By enlisting external talent for photography and other skill sets, Camillette reached a new level of professionalism. "I got some help to make the website fit with all the design branding of Camillette," Camille explains in her interview on the Shopify Masters podcast. "Since my business is half online, I always need to improve the website." This ensures customers are captivated right off the bat—and it provides the reassurance they're buying long-lasting products from a reliable source.
4. Snug
Snug offers modular sofas with a one-week delivery guarantee. When the company was just starting out, founder Rob Bridgman understood the inconvenience of delayed shipping estimates that often accompany online furniture purchases, and sought to change it himself. Snug began delivering orders within days, improving the shopping experience and trust among customers.

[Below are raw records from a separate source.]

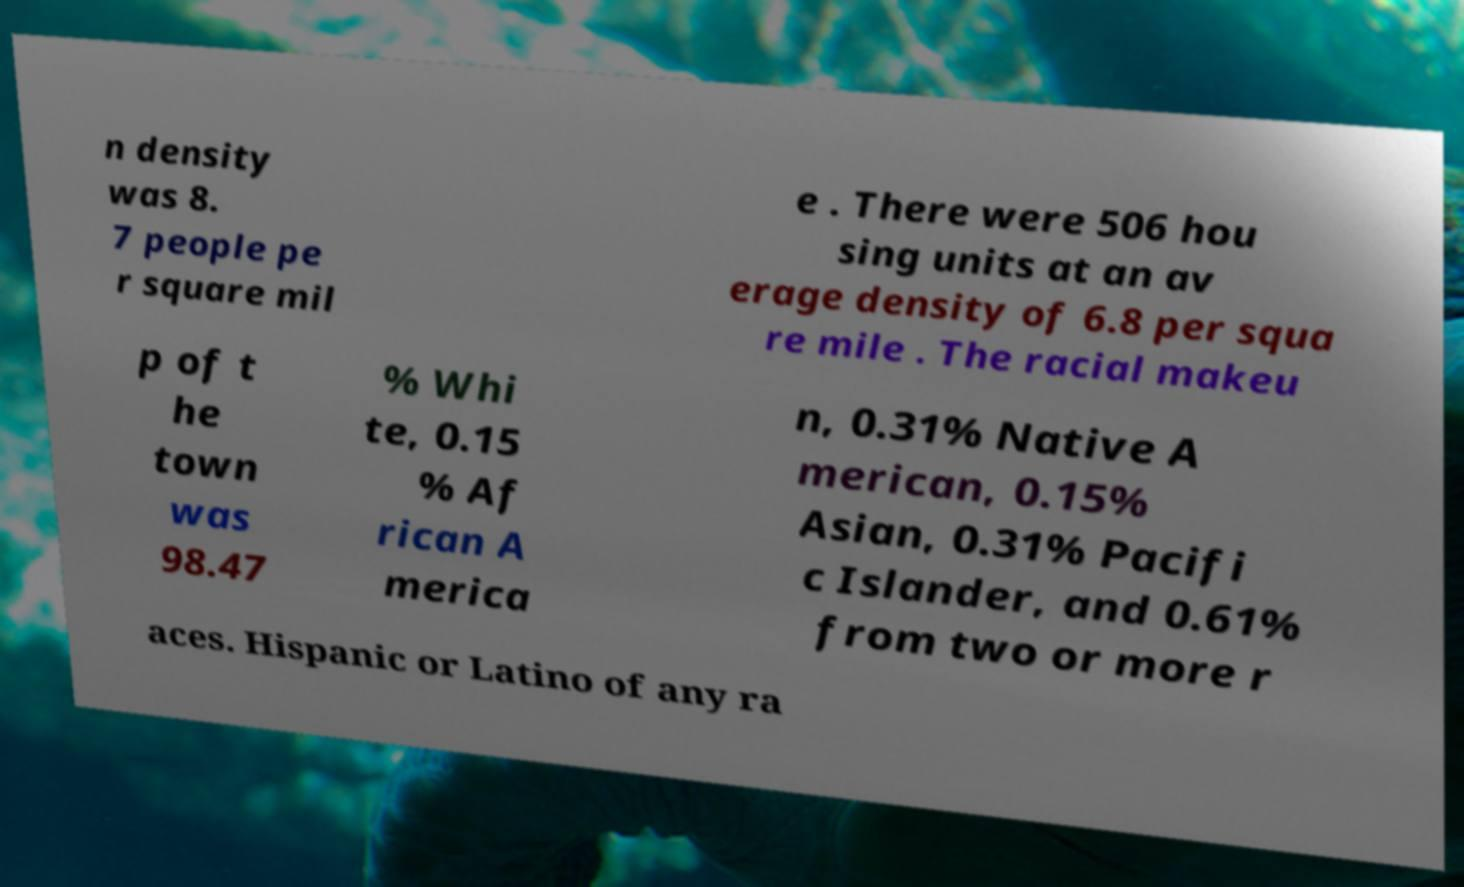Could you extract and type out the text from this image? n density was 8. 7 people pe r square mil e . There were 506 hou sing units at an av erage density of 6.8 per squa re mile . The racial makeu p of t he town was 98.47 % Whi te, 0.15 % Af rican A merica n, 0.31% Native A merican, 0.15% Asian, 0.31% Pacifi c Islander, and 0.61% from two or more r aces. Hispanic or Latino of any ra 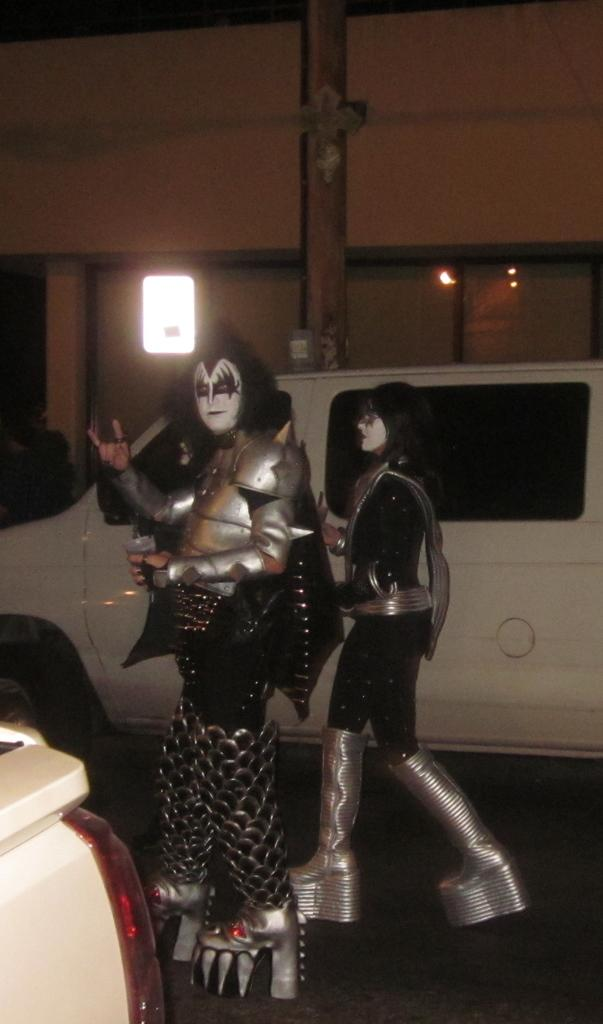What are the two people in the image wearing? The two people in the image are wearing costumes. How are their faces decorated in the image? The people have face painting in the image. What can be seen in the image besides the people? There are two vehicles and a building in the background of the image. What type of jeans is the person wearing in the image? There is no mention of jeans in the image; the people are wearing costumes. Can you recite a verse from the image? There is no text or verse present in the image. 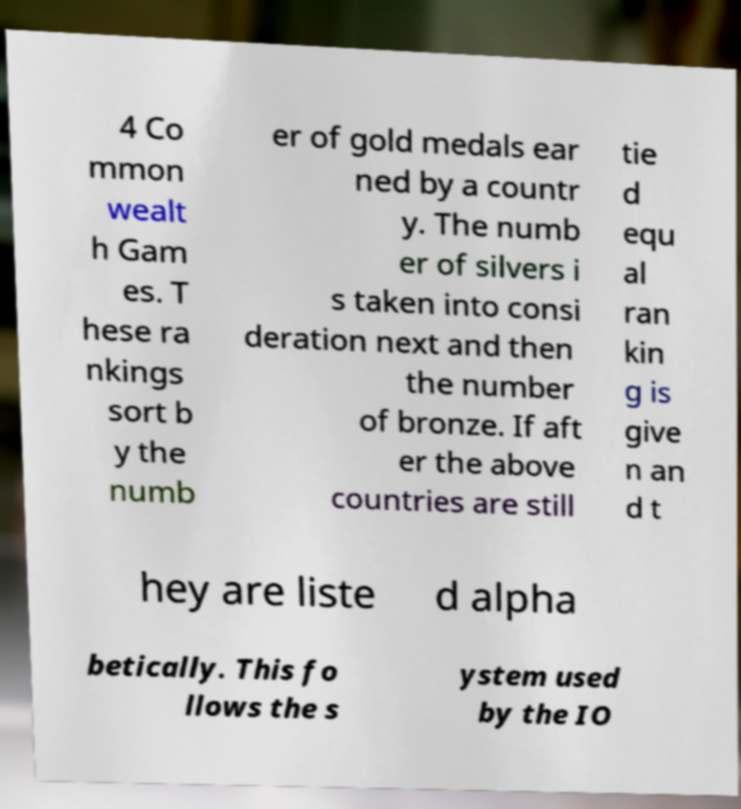Can you accurately transcribe the text from the provided image for me? 4 Co mmon wealt h Gam es. T hese ra nkings sort b y the numb er of gold medals ear ned by a countr y. The numb er of silvers i s taken into consi deration next and then the number of bronze. If aft er the above countries are still tie d equ al ran kin g is give n an d t hey are liste d alpha betically. This fo llows the s ystem used by the IO

After adopting Shopify, the company experienced 10 times the revenue growth and a 25% increase in the average order's value. Rob also attributes the company's significant growth to social media marketing and PR. The company deployed tactics such as offering one-on-one video chats and hosting a 40-minute live game show via Instagram during which viewers could win sofas and other prizes. Since nondurable goods, like furniture, often require additional research on the part of the customer, talking to prospects directly can help them decide to purchase.
5. Jono Pandolfi Designs
Jono Pandolfi Designs, founded by brothers Jono and Nick Pandolfi, produces handmade ceramic dishware for personal kitchens and restaurants. Since 2017, the company has grown from six employees to a team of 25 and become a seven-figure business.
Jono Pandolfi Designs operates as a B2B and B2C company, serving both the hospitality and dinnerware industries. The company's strategy involves a direct-to-consumer model for B2C, selling products at a higher price to consumers, which allows it to sell at a lower price to its hospitality clients. By serving two different channels, the company safeguards itself somewhat against economic impacts that might affect one target audience but not the other.
Consumer durables FAQ
What are the four main types of consumer products?
The four main types of consumer products are convenience products, shopping products, specialty products, and unsought products.
What are examples of durable goods?
Examples of durable goods include home appliances, consumer electronics, motor vehicles, furniture pieces, sports equipment, and textiles—all items that last multiple years.
Why are consumer durable goods important?
Durable goods retain their value longer than nondurable goods and their sales support the economy. Their consumption also serves as a reliable indicator of the country's economic state.